Final Fantasy – a historical analysis

Christine Sim

Final Fantasy (Square 1987), is a fantasy role playing game created by Hironobu Sakaguchi. The game was released in Japan by Square on December 18th, 1987 for the NES. While the franchise has been wildly successful – followed by 14 sequels and a multitude of spin-offs – this blog post will focus on the first Final Fantasy game, including a description of the gameplay and an exploration into the context in which it was produced.

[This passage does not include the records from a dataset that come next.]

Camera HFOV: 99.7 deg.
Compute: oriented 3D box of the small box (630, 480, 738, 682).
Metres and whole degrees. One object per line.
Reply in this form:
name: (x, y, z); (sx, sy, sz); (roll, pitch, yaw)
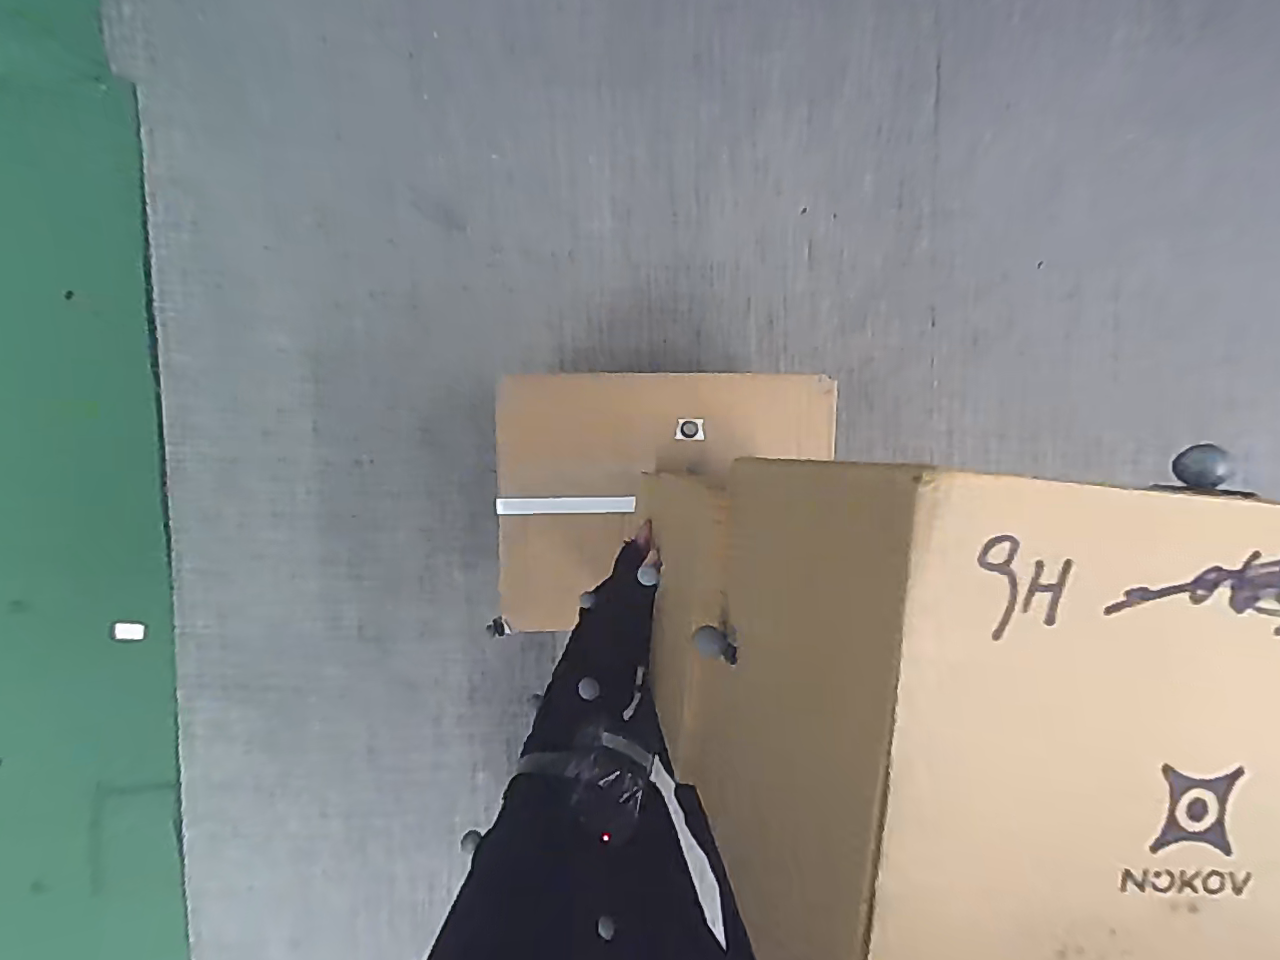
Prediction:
small box: (0.088, 0.092, 0.546); (0.179, 0.176, 0.168); (6, 94, -8)

The game begins with the player’s chosen party of four, called the Light Warriors, who are on a quest to defeat the four Elemental Fiends. The Light Warriors each carry a darkened orb and embark on a journey to restore light to the orbs and their darkened world. Each character has different abilities and restrictions on the type of armor and weapons they may wield. Random battle encounters occur as the player traverses through various towns and dungeons, which is how the team gains experience points and levels up. These battles are turn-based and the player may choose to either attack, use magic, use an item, or flee from combat. Items can be equipped to the four members of the crew to strengthen their performance in battle. When the player wins a battle, they earn Gil, which is the currency of the Final Fantasy world. Gil can be used to purchase items. The player can also obtain rare items by going on quests or by chance when opening treasure chests. The game follows the Light Warriors through their various travels to different kingdoms, which are filled with rescue missions, delivery quests, overseas and air travel, and time loops.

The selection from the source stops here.